▸ **How to complete this task**:
Scan the listing below for "nextInt", then report every line that has it.

▸ **Extracted records**:
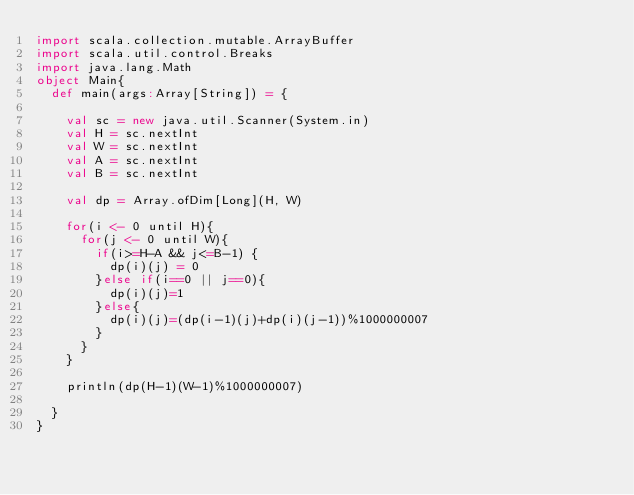Convert code to text. <code><loc_0><loc_0><loc_500><loc_500><_Scala_>import scala.collection.mutable.ArrayBuffer
import scala.util.control.Breaks
import java.lang.Math
object Main{
  def main(args:Array[String]) = {

    val sc = new java.util.Scanner(System.in)
    val H = sc.nextInt
    val W = sc.nextInt
    val A = sc.nextInt
    val B = sc.nextInt

    val dp = Array.ofDim[Long](H, W)

    for(i <- 0 until H){
      for(j <- 0 until W){
        if(i>=H-A && j<=B-1) {
          dp(i)(j) = 0
        }else if(i==0 || j==0){
          dp(i)(j)=1
        }else{
          dp(i)(j)=(dp(i-1)(j)+dp(i)(j-1))%1000000007
        }
      }
    }

    println(dp(H-1)(W-1)%1000000007)

  }
}
</code> 
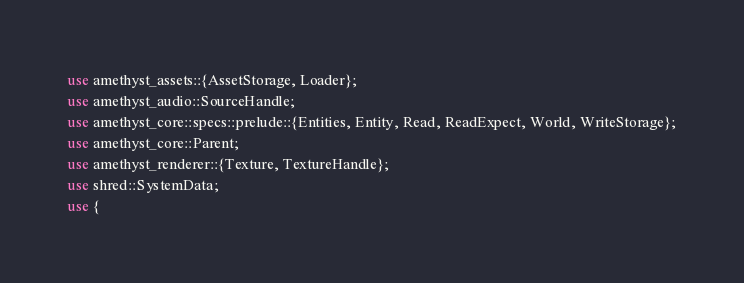<code> <loc_0><loc_0><loc_500><loc_500><_Rust_>use amethyst_assets::{AssetStorage, Loader};
use amethyst_audio::SourceHandle;
use amethyst_core::specs::prelude::{Entities, Entity, Read, ReadExpect, World, WriteStorage};
use amethyst_core::Parent;
use amethyst_renderer::{Texture, TextureHandle};
use shred::SystemData;
use {</code> 
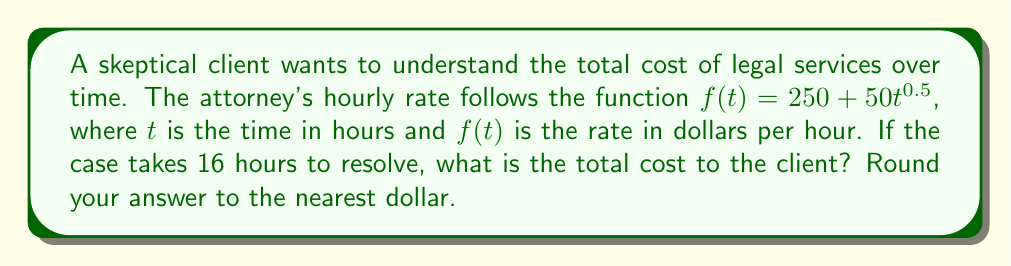Solve this math problem. To find the total cost, we need to calculate the area under the curve of $f(t)$ from $t=0$ to $t=16$. This is done using a definite integral:

1) Set up the integral:
   $$\int_0^{16} (250 + 50t^{0.5}) dt$$

2) Integrate the function:
   $$\left[250t + 50 \cdot \frac{2}{3}t^{1.5}\right]_0^{16}$$

3) Evaluate the integral:
   $$\left(250 \cdot 16 + 50 \cdot \frac{2}{3} \cdot 16^{1.5}\right) - \left(250 \cdot 0 + 50 \cdot \frac{2}{3} \cdot 0^{1.5}\right)$$

4) Simplify:
   $$4000 + \frac{100}{3} \cdot 64 = 4000 + 2133.33$$

5) Add the results:
   $$6133.33$$

6) Round to the nearest dollar:
   $$6133$$
Answer: $6133 
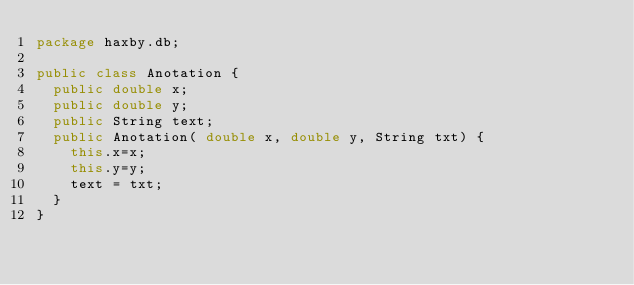<code> <loc_0><loc_0><loc_500><loc_500><_Java_>package haxby.db;

public class Anotation {
	public double x;
	public double y;
	public String text;
	public Anotation( double x, double y, String txt) {
		this.x=x;
		this.y=y;
		text = txt;
	}
}
</code> 
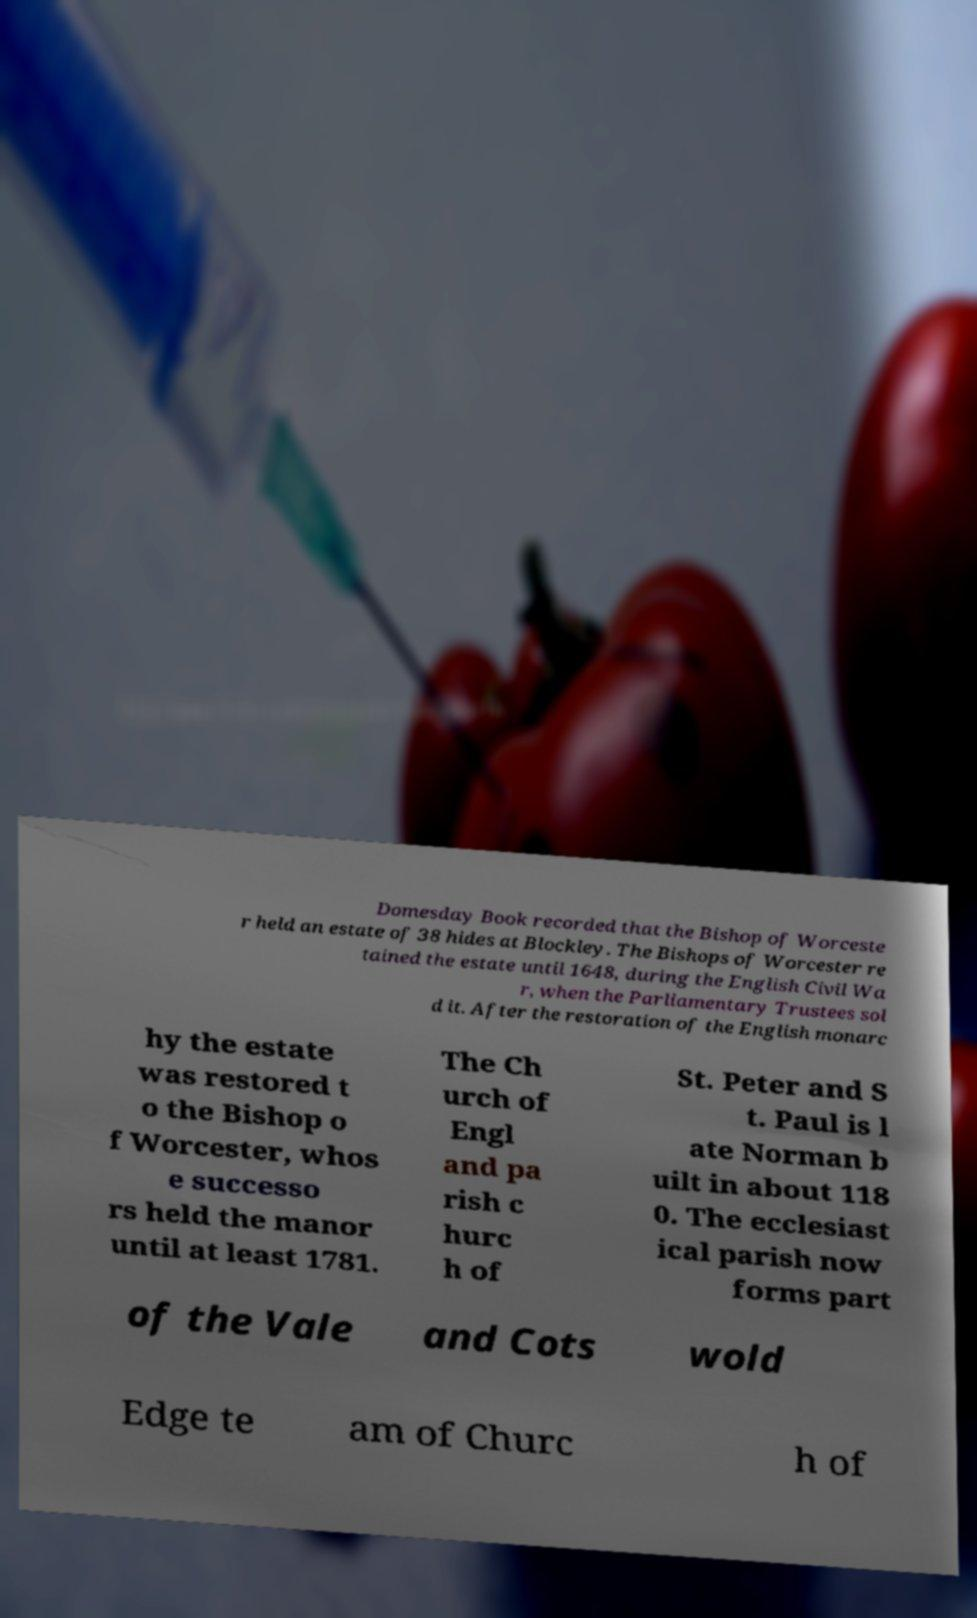There's text embedded in this image that I need extracted. Can you transcribe it verbatim? Domesday Book recorded that the Bishop of Worceste r held an estate of 38 hides at Blockley. The Bishops of Worcester re tained the estate until 1648, during the English Civil Wa r, when the Parliamentary Trustees sol d it. After the restoration of the English monarc hy the estate was restored t o the Bishop o f Worcester, whos e successo rs held the manor until at least 1781. The Ch urch of Engl and pa rish c hurc h of St. Peter and S t. Paul is l ate Norman b uilt in about 118 0. The ecclesiast ical parish now forms part of the Vale and Cots wold Edge te am of Churc h of

▸ **Problem solution**:
    val H = sc.nextInt
    val W = sc.nextInt
    val A = sc.nextInt
    val B = sc.nextInt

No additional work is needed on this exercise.